TRUE DAT: THE STRAIGHT FACTS ON FIRST-TIME FATHERHOOD

PART THREE: THE REALITY

 Right. Part Three in our continuing series on the real deal regarding fatherhood. I promised to hold nothing back, and this installment is no exception. We've covered The Pregnancy (you survived). We've covered The Delivery (we almost lost you there when you saw the blood and the after birth... but you survived). Now it's time to cover what I like to call The Reality (i.e. YOU'RE A FREAKIN' FATHER!). Um, Nurse? Can we get an orderly to pick that dude up off the floor? I think he fainted...

 

 

# 3.  ALL WORK AND NO PLAY... THE FUN OF NEWBORNS

 

 
Well, your Mom warned you. Remember when she used to curse you by saying: "one day I'll get my revenge when you have a child just like you!?" Well, that day has come. And it doesn't really matter what your personality is, your Mom didn't need to add the words "just like you," as just cursing you with a child should have sufficed. No. I'm not saying a child is a curse. But what I am saying is your Mom's been waiting for the day when you finally realized the sacrifices she made as a parent, and what a soul-sucking, life draining ordeal it is to care for a newborn. Today is that day.

 

Lucky for you, I'm in a good mood. I'm on four hours of sleep a night for two months straight, my daughter has the stomach flu and either pukes and/or soils her diaper with diarrhea every hour on the hour, she fights me and my wife every time we try to give her liquids, and the whining and crying has been non-stop for two days. What does that mean to you? I'm not in the mood for bullsh@#. You want to know what it's like to care for a newborn - your own - 24/7? Brace yourself... you're in for a bumpy ride.

 

 

What's it like to care for a newborn? No different than caring for a toddler or a teenager, except for the fact that a newborn can't talk (which can be both a blessing and a curse). There's the crying, the wailing, the screaming, the crapping, the pissing, and the puking. There's the lack of sleep, the lack of sex, and the lack of any common sense on your part (according to your wife and all her friends). There's the loss of free time, loss of time to yourself and loss of self as your learn that your world is no longer about you and your needs but about the needs of your child and the needs of your wife to remind you of those needs and her own, ignoring yours entirely (for a few months anyway). There's the stress and the struggle of coming to terms with the fact that your life (and certain parts of your wife) will never be the same and you're about eight months past the point when you should have complained about it. The whole thing is alien to you, and staring at a useless blob that looks kinda like you is unnerving at first because you don't have the slightest clue who this person is, and, like any family member that comes to visit, you want to know what the hell he (or she) really wants from you. It's scary, and suffocating, and surreal to think that you, the guy that used to let his friends push him down hills made of asphalt in a shopping cart while high on the fumes of cooking spray, is now a father.

 

 

Caring for a newborn is thankless. You won't win any awards from your wife, or child for doing what needs to get done just to get through a regular day, but God forbid you wash one bottle improperly and you'll hear about it for months. Caring for a newborn is a competition; not an intentional one, but a competition none-the-less of who did what when and who deserves a break now. Caring for a newborn is complicated. It's like getting a superhero costume, but throwing the instructions away by mistake... and we all know how that turns out (see The Greatest American Hero). Caring for a newborn is tedious, and taxing, and ten times harder than caring for any dog you've ever had in your entire life. It's a roller coaster ride that turns into a hall of mirrors (my favorite one is the one that makes you look fat after only a few months) then a haunted house where you are guided around in the dark and asked to stick your hand in various containers holding one disgusting concoction after another.

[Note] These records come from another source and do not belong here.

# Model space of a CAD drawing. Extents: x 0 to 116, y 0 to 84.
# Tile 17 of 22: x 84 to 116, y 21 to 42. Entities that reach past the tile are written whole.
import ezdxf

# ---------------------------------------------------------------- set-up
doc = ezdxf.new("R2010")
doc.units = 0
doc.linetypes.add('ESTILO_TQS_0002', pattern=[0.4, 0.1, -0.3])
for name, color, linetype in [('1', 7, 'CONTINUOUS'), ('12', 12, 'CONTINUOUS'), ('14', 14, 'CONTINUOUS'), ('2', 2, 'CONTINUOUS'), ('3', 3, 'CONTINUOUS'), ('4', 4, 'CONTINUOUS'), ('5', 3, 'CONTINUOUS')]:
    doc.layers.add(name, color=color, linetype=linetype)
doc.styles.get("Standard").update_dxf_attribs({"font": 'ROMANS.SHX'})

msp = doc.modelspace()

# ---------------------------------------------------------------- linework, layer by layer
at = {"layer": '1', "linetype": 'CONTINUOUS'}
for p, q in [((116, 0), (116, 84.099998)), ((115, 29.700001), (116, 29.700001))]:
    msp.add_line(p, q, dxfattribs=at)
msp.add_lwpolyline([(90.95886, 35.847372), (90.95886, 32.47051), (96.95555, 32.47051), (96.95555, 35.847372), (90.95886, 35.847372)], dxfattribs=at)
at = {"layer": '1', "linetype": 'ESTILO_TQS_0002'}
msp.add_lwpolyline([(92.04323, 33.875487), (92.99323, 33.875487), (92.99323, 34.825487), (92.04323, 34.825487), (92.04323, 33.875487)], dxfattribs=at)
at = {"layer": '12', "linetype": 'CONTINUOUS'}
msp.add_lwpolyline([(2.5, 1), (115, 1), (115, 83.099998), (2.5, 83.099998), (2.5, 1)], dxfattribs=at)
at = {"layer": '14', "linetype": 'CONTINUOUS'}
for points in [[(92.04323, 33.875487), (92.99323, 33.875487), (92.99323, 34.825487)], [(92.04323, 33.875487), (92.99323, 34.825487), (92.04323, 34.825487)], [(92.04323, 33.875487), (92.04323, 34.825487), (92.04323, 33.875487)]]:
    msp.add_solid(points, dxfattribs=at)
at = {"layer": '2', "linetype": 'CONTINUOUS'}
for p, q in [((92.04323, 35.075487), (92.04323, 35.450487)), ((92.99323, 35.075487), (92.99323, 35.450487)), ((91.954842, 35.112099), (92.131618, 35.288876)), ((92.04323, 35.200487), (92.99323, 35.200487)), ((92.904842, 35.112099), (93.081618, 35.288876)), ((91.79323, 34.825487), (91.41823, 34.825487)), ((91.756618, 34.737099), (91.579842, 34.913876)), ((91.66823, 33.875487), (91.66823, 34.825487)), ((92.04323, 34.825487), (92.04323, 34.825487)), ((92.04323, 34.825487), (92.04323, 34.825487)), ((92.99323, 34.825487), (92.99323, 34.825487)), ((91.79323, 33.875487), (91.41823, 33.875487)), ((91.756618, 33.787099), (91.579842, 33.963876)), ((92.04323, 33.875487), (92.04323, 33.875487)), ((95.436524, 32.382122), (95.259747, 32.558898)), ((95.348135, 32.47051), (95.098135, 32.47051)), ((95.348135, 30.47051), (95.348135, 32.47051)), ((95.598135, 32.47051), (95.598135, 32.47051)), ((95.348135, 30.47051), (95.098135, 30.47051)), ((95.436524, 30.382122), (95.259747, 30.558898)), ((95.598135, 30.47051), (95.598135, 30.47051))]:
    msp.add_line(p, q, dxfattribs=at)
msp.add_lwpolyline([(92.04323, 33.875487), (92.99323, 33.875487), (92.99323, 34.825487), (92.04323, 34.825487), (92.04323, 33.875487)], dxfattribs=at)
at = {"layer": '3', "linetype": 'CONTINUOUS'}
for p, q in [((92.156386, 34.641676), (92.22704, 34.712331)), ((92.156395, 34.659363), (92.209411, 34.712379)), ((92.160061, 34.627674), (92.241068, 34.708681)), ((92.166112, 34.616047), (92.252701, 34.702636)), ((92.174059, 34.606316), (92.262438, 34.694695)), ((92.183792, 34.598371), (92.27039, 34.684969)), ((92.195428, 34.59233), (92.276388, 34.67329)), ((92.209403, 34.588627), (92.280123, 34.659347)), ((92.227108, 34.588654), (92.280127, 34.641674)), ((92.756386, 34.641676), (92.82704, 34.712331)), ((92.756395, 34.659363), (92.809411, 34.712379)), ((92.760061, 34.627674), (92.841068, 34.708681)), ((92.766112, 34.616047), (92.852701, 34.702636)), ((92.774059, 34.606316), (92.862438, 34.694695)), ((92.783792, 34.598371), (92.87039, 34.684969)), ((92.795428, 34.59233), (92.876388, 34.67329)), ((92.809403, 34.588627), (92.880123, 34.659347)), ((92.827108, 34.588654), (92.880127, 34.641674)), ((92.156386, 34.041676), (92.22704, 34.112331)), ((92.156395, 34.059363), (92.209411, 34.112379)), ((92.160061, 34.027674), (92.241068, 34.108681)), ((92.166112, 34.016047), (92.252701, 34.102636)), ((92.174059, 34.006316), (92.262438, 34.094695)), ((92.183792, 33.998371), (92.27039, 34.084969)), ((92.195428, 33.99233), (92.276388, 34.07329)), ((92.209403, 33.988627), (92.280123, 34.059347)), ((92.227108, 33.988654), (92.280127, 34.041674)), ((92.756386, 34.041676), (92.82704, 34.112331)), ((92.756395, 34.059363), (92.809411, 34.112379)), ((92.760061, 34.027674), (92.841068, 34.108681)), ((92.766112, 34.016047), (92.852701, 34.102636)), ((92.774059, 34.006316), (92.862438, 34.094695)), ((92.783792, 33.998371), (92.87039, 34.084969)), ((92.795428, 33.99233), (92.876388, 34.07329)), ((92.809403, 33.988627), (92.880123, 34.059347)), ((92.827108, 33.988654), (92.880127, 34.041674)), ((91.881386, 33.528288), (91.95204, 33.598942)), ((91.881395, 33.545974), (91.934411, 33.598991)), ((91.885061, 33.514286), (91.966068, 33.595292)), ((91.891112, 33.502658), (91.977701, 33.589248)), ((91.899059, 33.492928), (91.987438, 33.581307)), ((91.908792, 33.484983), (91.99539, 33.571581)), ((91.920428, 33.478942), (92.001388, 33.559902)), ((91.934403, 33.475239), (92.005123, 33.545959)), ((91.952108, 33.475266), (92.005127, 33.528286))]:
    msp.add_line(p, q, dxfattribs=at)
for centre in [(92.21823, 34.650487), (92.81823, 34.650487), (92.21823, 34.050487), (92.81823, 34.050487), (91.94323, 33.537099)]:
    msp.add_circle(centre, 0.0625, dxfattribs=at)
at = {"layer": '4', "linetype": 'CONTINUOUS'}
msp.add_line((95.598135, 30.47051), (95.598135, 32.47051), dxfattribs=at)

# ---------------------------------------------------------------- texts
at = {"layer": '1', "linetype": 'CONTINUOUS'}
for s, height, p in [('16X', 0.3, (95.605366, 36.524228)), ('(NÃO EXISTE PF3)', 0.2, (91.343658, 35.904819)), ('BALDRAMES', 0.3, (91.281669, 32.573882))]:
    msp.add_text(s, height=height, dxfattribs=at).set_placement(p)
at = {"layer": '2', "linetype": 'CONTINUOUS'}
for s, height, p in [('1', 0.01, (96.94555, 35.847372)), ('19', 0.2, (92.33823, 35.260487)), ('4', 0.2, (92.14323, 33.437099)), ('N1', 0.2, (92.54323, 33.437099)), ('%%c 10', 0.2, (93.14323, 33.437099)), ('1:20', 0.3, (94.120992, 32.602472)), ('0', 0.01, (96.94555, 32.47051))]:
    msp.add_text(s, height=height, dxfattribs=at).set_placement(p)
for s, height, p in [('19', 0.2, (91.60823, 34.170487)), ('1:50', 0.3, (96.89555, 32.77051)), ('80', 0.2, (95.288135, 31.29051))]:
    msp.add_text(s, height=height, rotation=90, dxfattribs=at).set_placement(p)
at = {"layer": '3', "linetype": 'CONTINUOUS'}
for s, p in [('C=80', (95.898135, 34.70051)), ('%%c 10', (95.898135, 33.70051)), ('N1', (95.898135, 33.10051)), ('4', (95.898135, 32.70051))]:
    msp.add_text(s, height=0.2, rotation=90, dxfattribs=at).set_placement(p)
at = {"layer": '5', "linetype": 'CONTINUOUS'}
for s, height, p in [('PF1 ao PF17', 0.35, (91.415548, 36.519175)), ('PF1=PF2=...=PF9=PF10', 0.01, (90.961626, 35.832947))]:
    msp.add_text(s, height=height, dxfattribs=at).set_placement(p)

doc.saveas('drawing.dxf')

Gross, hunh? Feeling woozy yet? I haven't even talked about babies with colic, or croup. I'm just talking about kids that sleep through the night, eat and poop regularly, and cry occasionally. It's not the babies that are the problem- you'll grow to love them- it's the schedule, and the sleep deprivation, and the stuff; all that stuff that goes with you everywhere and just gathers and gathers until one day...well, you have another kid and just get more STUFF. And what about the stuff the comes out of them... (sorry, I dry heaved in my mouth a bit)?

So what am I saying? Newborns are hard work. Work that neither you, nor any other father in history has been prepared for. But, like any job, if it's worth doing it's worth doing well. And the payoff? Well that's up to the individual to discover for himself. If you ask me, fathers (and yes mothers too) are under appreciated, but every once in a while, if the stars align, the world is a happy place.

 

 

Unless your daughter is sick with the stomach flu and your happy place turns into a diarrhea infused disaster...

Enjoy...

PrintView Printer Friendly Version

Reader Comments

There are no comments for this journal entry. To create a new comment, use the form below.

PostPost a New Comment

Enter your information below to add a new comment.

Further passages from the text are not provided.